Blue Viking coat with green bordersIt’s been a journey; I’ve been working on the coat since spring. It came together from three sources: weather, a stalled project, and a pattern I bought so long ago that it now turns up in listings of vintage patterns on Etsy and eBay.

The weather:

Several years ago I was horribly cold at an SCA * camping event. There was frost overnight and, while daytime was warmer, it was still crisp.

It wasn’t the first time I had been cold at an event, just the worst, and I thought it would be nice to have a seriously warm Viking-style coat.

The stalled project:

During the years people were donating their furs to Goodwill, I got a full-length black mink coat that I intended to use to line a cloth winter coat. I found the ideal tweed for the coat shell, got the interlining fabric and studied much information on how to sew furs. And stalled there, intimidated by the idea of cutting into a fully-functional mink coat.

That was more than ten years ago. Finally, I figured this was ridiculous and decided to take the indirect route – to make a fur-lined Viking coat to get experience in handling that much fur.

Due largely to the lack of surviving physical evidence, there’s been a lot of discussion on whether the Vikings used much fur and whether they used it for linings. I think they did, and I agree with archaeologist Tuija Kirkinen. In her paper on the ritual use of fur, she stated that “the use of pelts and furs for clothing is self-evident in a region at the edge of the taiga”. ** While I don’t live at the edge of the taiga, the weather, even in southern Canada, can get ridiculously cold, and I’ve found that furs (and I include sheepskin) are best at keeping me warm when the temperature dips below -30C (-22 Fahrenheit).

The pattern:

The Turkish Coat is one of the first patterns Folkwear published. I don’t remember exactly when I bought it – sometime around 1974. And I’ve been meaning to make it ever since.

The Viking coat was the perfect opportunity. From surviving fragments and images, it appears the coats Viking men wore might have been constructed in a similar way.Folkwear Turkish Coat back view drawing

Granted, it’s a “male” garment, and the existing evidence shows women mainly in shawls. Which I’ve tried, and discovered that to keep warm in seriously cold weather, I’d have to wrap myself up in many, many layers.

Nope. For the sake of sanity and mobility, I decided on a coat.

The materials:

The fabrics: since this was going to be an experiment, I wanted to spend as little as possible on it, so I dug through my stash and found two yardages that worked well together – a medium“indigo” blue  and a vivid apple green  wool.

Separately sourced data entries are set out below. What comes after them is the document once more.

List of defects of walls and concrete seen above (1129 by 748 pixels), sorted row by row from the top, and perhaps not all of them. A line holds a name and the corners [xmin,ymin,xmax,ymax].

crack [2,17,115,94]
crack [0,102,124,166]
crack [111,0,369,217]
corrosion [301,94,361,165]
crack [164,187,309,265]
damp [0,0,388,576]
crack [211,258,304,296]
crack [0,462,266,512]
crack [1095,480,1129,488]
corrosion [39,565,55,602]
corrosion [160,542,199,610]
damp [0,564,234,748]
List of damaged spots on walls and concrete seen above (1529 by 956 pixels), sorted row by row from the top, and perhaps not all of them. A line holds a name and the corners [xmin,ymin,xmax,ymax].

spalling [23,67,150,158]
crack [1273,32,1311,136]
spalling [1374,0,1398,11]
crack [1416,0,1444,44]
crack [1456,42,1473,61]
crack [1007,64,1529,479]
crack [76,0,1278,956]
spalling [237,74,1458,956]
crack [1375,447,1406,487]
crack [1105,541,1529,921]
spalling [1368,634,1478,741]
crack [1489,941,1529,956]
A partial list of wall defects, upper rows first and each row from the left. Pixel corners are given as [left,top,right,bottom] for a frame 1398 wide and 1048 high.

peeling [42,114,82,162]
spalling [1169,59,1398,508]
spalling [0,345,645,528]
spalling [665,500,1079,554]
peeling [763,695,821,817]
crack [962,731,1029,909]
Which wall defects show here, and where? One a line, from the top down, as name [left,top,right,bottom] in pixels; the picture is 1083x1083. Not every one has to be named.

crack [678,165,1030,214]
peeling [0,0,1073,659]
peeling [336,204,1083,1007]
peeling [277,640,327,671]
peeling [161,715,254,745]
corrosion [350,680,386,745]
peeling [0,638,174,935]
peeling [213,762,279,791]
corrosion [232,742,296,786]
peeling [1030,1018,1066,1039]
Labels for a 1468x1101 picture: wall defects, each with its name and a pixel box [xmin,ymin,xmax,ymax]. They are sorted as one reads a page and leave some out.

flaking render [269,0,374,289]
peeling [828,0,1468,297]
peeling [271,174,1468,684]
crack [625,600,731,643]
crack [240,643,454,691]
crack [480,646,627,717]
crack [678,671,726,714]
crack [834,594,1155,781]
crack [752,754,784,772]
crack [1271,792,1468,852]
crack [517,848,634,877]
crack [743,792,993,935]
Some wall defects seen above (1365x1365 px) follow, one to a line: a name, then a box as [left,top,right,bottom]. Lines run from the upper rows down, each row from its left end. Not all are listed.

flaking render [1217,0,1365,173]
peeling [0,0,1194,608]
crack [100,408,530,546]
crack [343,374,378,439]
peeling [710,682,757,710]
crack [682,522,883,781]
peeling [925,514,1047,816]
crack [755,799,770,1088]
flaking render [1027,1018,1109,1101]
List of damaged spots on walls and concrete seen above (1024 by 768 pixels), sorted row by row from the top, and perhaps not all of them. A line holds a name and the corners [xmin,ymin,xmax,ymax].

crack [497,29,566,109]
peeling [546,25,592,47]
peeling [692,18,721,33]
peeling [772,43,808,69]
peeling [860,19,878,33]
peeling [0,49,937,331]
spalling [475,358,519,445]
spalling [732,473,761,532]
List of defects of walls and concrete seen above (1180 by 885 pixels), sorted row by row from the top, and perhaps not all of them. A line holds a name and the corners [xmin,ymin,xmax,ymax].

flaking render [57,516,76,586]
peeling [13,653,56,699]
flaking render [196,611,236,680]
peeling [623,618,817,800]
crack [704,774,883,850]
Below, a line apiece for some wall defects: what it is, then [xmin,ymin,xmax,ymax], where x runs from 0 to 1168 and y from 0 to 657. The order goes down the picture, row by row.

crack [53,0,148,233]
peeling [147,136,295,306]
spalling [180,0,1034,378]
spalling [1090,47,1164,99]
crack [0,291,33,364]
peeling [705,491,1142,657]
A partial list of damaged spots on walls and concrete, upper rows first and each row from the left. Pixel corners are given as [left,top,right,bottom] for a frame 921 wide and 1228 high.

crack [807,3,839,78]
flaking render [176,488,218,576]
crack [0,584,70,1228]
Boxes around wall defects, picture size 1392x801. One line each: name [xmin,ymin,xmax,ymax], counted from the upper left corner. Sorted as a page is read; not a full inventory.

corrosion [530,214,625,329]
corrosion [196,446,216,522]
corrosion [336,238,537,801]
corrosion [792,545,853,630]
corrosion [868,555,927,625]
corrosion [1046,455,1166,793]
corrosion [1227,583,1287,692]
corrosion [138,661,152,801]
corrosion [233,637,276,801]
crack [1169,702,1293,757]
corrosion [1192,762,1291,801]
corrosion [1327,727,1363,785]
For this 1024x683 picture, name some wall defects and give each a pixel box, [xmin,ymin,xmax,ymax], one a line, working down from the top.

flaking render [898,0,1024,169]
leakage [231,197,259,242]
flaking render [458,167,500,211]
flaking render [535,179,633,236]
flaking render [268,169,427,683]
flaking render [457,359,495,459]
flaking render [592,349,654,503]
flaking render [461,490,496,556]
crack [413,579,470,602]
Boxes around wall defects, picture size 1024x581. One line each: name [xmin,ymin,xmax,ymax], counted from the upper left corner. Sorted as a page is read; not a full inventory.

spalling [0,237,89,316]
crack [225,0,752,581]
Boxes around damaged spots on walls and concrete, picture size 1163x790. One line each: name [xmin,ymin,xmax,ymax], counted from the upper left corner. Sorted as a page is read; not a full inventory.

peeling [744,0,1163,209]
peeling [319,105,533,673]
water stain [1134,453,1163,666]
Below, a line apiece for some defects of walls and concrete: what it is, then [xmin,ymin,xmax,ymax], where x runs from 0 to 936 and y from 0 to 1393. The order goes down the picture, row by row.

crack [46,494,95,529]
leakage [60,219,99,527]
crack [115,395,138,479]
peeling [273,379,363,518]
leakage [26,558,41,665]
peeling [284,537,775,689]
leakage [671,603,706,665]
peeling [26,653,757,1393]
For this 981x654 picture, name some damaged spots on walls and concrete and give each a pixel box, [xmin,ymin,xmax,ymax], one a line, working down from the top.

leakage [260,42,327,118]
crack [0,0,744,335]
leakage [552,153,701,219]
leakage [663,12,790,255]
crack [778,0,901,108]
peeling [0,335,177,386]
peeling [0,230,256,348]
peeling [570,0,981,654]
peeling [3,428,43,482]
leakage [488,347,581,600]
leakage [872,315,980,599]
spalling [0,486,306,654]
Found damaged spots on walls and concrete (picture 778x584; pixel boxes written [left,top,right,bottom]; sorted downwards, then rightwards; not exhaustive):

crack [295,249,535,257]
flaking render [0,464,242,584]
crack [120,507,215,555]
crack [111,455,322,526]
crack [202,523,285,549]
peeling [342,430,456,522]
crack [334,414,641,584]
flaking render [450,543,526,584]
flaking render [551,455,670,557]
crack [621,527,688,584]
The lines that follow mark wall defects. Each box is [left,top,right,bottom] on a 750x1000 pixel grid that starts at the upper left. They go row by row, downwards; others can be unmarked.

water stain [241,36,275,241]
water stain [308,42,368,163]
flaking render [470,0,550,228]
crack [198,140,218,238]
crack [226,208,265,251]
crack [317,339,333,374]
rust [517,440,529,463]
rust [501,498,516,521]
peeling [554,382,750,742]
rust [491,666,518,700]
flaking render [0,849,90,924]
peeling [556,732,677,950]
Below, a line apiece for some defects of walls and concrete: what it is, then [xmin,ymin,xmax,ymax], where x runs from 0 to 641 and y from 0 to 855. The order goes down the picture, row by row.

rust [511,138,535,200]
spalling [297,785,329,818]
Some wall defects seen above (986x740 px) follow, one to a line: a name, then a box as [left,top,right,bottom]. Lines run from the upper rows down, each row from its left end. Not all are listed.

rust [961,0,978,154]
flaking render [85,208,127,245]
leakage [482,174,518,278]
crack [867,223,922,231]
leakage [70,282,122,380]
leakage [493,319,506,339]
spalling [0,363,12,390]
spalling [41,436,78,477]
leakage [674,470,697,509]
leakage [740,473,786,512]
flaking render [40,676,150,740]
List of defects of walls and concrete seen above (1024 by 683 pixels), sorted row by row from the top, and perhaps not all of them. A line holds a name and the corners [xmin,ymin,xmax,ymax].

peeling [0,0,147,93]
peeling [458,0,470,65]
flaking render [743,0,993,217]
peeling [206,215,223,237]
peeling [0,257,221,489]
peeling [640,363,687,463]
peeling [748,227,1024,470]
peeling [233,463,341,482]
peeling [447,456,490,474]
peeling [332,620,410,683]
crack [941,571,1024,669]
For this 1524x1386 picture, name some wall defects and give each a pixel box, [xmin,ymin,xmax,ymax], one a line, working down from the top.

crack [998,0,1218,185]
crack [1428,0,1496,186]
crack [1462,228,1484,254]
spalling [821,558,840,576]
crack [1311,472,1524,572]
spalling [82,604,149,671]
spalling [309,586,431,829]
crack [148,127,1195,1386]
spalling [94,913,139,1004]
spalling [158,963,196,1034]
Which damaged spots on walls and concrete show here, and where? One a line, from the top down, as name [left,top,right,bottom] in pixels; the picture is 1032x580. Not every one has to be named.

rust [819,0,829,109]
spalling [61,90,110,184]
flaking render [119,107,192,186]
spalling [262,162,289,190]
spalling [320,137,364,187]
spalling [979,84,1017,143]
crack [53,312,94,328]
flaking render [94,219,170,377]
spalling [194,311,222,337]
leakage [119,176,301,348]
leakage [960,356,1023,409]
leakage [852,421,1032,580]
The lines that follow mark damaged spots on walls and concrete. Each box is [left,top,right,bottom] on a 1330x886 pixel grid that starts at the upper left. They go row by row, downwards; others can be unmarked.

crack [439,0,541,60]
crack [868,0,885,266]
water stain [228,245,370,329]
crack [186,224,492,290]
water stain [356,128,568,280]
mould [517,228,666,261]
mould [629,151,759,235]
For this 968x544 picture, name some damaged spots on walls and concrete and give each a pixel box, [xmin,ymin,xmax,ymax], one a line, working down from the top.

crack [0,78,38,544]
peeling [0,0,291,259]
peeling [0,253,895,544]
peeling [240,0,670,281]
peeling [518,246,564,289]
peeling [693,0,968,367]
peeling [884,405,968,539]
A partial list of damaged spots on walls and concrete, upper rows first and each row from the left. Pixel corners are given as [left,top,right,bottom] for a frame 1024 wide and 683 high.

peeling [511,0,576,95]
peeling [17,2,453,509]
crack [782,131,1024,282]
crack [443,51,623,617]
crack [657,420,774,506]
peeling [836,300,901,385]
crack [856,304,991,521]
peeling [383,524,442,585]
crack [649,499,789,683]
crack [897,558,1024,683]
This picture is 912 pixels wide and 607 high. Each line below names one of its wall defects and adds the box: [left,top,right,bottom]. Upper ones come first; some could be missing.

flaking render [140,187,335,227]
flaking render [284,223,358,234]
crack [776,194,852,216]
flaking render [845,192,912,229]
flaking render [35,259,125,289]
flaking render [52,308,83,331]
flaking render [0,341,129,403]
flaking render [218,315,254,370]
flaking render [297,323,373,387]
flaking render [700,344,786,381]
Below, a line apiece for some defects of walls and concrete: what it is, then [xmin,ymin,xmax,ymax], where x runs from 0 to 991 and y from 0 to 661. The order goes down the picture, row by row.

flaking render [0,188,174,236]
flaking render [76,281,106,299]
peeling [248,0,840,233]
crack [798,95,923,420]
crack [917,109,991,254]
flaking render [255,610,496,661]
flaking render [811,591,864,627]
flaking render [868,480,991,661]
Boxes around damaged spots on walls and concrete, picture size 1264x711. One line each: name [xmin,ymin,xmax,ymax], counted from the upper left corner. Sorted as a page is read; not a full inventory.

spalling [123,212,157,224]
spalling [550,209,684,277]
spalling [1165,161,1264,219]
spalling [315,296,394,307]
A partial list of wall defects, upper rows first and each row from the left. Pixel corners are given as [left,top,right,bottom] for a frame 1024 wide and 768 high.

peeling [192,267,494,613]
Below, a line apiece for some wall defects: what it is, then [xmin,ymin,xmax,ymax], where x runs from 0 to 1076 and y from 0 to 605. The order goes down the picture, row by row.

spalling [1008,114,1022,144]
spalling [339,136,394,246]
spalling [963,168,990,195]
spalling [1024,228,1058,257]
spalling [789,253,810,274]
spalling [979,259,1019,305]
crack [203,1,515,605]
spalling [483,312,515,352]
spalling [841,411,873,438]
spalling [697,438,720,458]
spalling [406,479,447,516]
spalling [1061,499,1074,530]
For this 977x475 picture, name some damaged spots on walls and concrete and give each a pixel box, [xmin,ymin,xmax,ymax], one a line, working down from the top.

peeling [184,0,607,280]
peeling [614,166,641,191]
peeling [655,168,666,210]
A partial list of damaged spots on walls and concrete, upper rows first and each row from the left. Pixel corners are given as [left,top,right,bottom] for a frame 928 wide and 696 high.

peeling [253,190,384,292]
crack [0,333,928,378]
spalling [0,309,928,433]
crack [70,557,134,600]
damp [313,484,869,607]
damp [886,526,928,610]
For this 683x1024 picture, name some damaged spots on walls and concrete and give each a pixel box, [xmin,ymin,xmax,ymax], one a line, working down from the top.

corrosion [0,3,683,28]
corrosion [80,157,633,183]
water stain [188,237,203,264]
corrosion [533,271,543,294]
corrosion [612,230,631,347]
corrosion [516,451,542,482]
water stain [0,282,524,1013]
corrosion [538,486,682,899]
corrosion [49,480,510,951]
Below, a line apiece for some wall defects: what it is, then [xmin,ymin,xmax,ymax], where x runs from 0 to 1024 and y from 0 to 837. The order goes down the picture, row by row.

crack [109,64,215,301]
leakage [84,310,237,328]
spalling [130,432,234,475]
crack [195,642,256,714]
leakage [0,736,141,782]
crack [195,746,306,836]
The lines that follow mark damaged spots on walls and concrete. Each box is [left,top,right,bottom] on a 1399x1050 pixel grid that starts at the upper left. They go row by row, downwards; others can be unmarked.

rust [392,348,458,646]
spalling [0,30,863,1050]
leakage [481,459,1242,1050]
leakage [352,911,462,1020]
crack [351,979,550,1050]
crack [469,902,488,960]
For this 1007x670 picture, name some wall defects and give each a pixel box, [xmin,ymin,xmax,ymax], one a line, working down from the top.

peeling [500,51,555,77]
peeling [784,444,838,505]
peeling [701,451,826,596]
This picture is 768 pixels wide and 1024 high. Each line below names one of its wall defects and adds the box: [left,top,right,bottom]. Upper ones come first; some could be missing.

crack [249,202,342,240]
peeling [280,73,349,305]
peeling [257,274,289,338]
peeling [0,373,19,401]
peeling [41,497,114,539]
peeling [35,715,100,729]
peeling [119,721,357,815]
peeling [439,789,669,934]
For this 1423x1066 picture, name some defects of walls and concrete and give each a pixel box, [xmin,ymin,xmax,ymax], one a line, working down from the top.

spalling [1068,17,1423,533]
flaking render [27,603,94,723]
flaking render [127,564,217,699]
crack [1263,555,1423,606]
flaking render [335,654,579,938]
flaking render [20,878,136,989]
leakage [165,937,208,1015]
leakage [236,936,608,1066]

Apple green fulled wool swatch

 

 

 

While they’re both commercially dyed, both are colours that are possible with natural dyes that were available to the Vikings.

The blue is easy – woad, which contains indigotin. Woad seeds were found on the Oseberg ship.

On the other hand, green can be dyed many different ways, so the possible dye sources are guesswork. Maybe woad plus weld or broom – or one of the many other sources of yellow.

Coincidentally, a friend – textile artist Jaclyn Paltanen – just did an experiment on dyeing woad-based greens on wool and got a lovely range, including that apple green!

Both fabrics are pure wool, and they’re fulled. The apple green is a lightly-fulled 2/1 twill; the blue is more heavily fulled so I’m not sure what the weave is.

There’s still occasional discussion about whether Vikings fulled their wools, but apparently archaeologist Inga Hägg has documented the existence of fulled wools in Viking-era finds in Hedeby in her Die Textilfunde aus dem Hafen von Haithabu***.  Fulled wool is not appropriate for every kind of garment – but for a coat intended for Canadian winters it most definitely is!

The lining: this is where I spent some money – $35 if I remember correctly. When I bought the donor coat for the lining, I wasn’t sure what the fur was (and neither was the man who owns the secondhand shop where I bought it). We guessed it was some sort of water critter – maybe beaver or otter – or maybe marten, all of which were available to the Vikings **.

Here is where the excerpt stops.